You do want to be careful. I can’t say I put patients on high dose iodine. Dr. Amie didn’t mention high dose iodine; she just mentioned iodine. I do agree with her that you don’t need to completely eliminate iodine.
We chatted for a minute or two right after the interview while waiting for the episode to upload. I mentioned how I didn’t expand on iodine because if I did, we would have gone over the top of the hour. I figured I would expand here.
I am not against iodine. I am cautious about taking separate iodine supplements with hyperthyroidism more than hypothyroidism. Even hypothyroidism, The Thyroid Reset Diet by Dr. Alan Christianson recommends 200mcg of iodine or less. Dr. David Brownstein recommends mg doses of iodine. Like I said, I have already spent more time than intended here, so you can definitely refer back to other episodes of the podcast.
Thyropause. In her book, she mentions how it’s a missing piece of the puzzle when it comes to Hashimoto’s. As women, there are hormone fluctuations. She gave a comparison with post-partum thyroiditis. When someone is in perimenopause orpostmenopause, those hormone fluctuations can play a role.
I don’t like to think of hormone fluctuations as triggers because it’s normal to have hormone fluctuations. Perimenopause is normal. Postmenopause is normal. There are other factors, not just the fluctuations.
Just like post-partum thyroiditis, I look at it more like the straw that broke the camel’s back than the trigger. With post-partum thyroiditis, the woman has the antibodies during pregnancy, but it’s after giving birth when that straw breaks the camel’s back. Same thing in some cases with perimenopause and postmenopause.

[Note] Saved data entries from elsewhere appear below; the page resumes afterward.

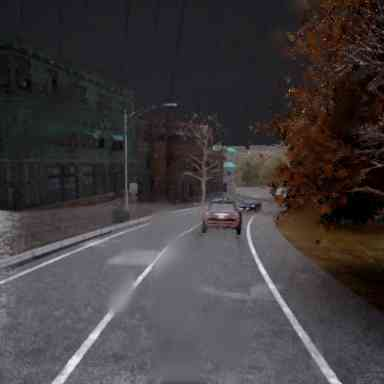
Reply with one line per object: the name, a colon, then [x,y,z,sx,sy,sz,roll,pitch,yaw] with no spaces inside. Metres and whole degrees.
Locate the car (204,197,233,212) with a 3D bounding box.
car: [3.138,1.411,38.708,2.033,1.411,5.357,2,0,19]

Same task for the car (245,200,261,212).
car: [7.004,1.583,39.353,1.895,1.301,4.718,2,0,19]

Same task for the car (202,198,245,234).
car: [1.875,1.302,19.375,2.097,1.767,4.553,1,0,9]
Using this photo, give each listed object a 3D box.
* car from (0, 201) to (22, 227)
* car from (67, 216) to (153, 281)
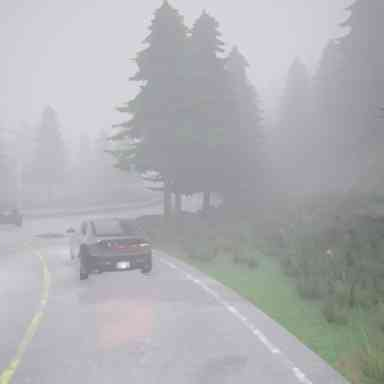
[{"bbox_3d":[-13.198,1.390,21.855,4.553,1.767,2.097,0,0,35],"label":"car"},{"bbox_3d":[-2.596,1.507,10.106,1.837,1.490,4.892,0,-1,-24],"label":"car"}]
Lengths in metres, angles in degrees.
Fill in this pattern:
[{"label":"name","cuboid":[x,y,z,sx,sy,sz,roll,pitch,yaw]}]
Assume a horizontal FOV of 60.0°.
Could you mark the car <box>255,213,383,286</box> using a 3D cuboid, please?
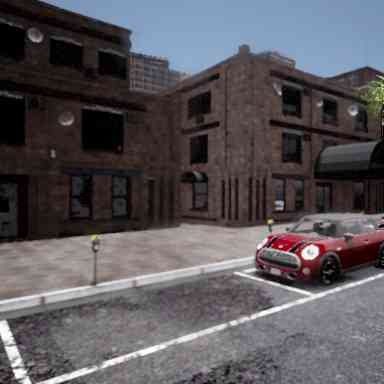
[{"label":"car","cuboid":[3.620,1.346,9.067,4.097,1.590,1.967,-1,2,-35]}]
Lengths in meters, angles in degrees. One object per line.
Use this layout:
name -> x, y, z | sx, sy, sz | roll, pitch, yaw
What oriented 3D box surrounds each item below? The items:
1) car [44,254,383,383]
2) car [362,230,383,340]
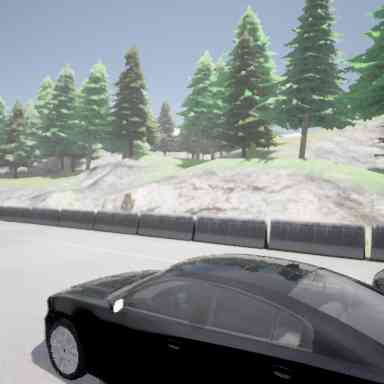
car -> 0.326, 1.473, 3.759 | 5.008, 1.535, 1.882 | 0, 0, 35
car -> 5.205, 1.508, 4.578 | 4.892, 1.490, 1.837 | 0, 0, 35
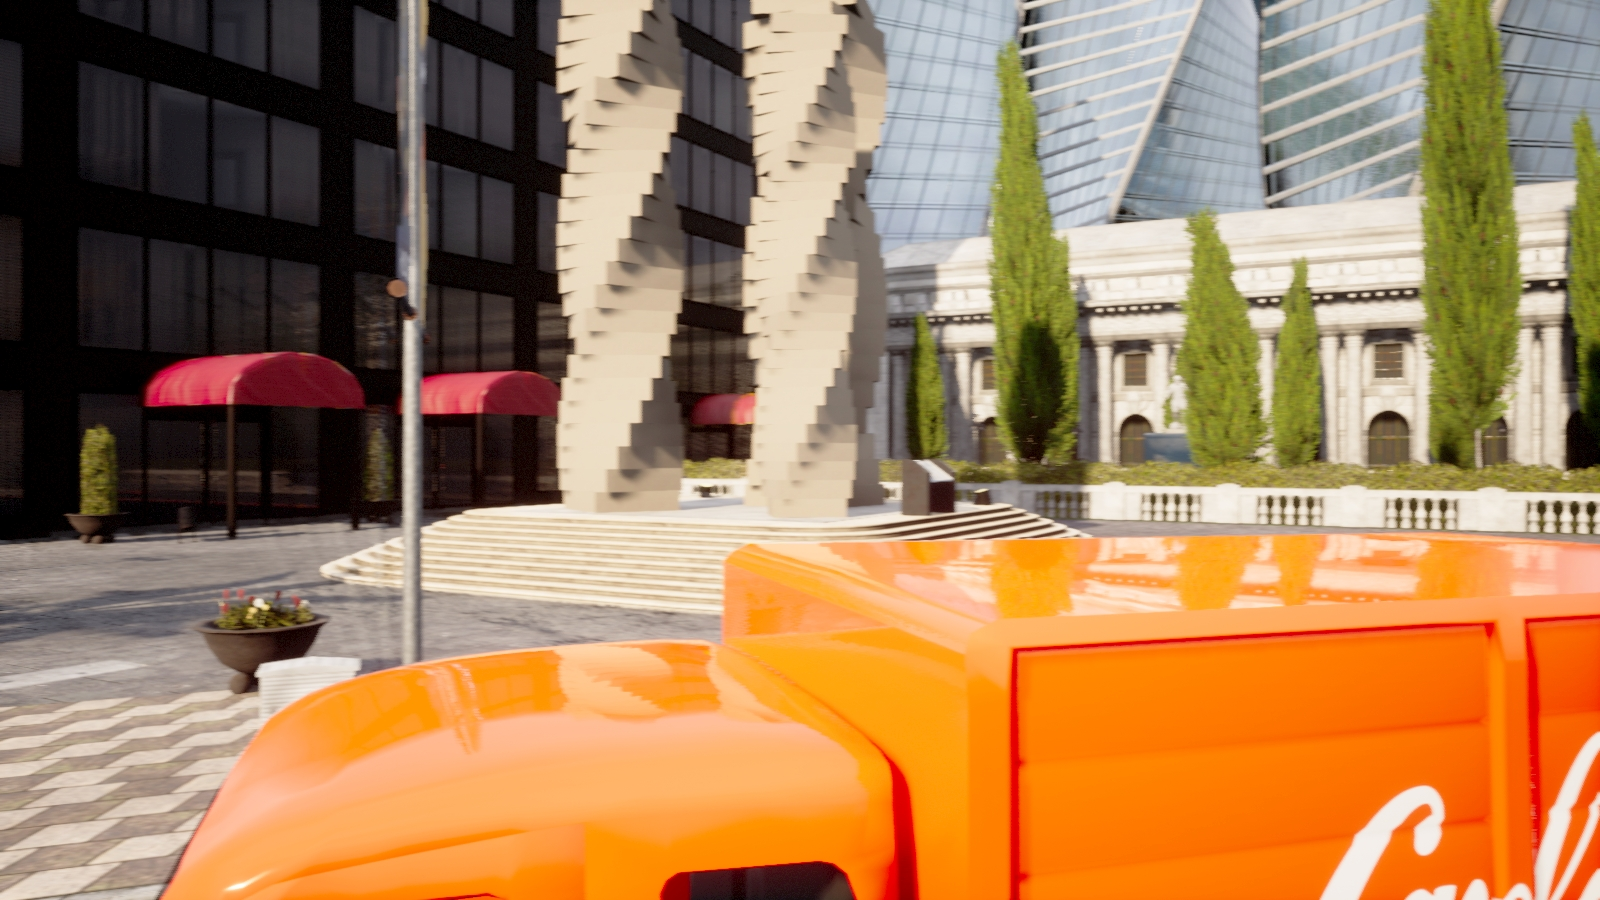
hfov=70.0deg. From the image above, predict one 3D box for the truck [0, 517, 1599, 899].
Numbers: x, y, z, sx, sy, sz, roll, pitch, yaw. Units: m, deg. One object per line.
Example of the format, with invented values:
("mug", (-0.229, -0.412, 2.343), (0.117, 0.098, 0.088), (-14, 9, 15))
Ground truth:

T2. We spoke a little bit about T2. She was on my podcast 4.5 years ago. I’m pretty sure she did not have a T2 supplement, which she does now. I don’t think we spoke about T2. I did a Save My Thyroid Summit, so she spoke about T2 then.
She said here that it can be taken in some cases of hyperthyroidism, which I did not know. If someone is overweight, and has hyperthyroidism and problems losing weight, they may take T2.
I am not recommending T2 at this point to my hyperthyroid patients, as I need to investigate it more. My guess is there is no research on T2 and hyperthyroidism. That’s up to you. If you wanted to experiment with it on your own and get back to me, that’s fine. Like I said, at this point, I don’t know anybody who has hyperthyroidism who has taken T2. I really don’t know what the impact will be, how effective it is for weight loss, if there are potential side effects.
According to Dr. Amie, it’s fairly safe, and she is more of an expert on T2 than I am. I don’t have my own T2 supplement. I don’t recommend T2. I don’t recommend it because I mostly deal with hyper patients. I deal with some Hashimoto’s but mostly hyper. Up until this point, I didn’t realize it could be given to those with hyperthyroidism. Something else I learned today. I still feel like I need to investigate this more.
That is it. Hope you enjoyed this conversation with Dr. Amie. Definitely check out her book. Of course, look forward to catching you in a future episode.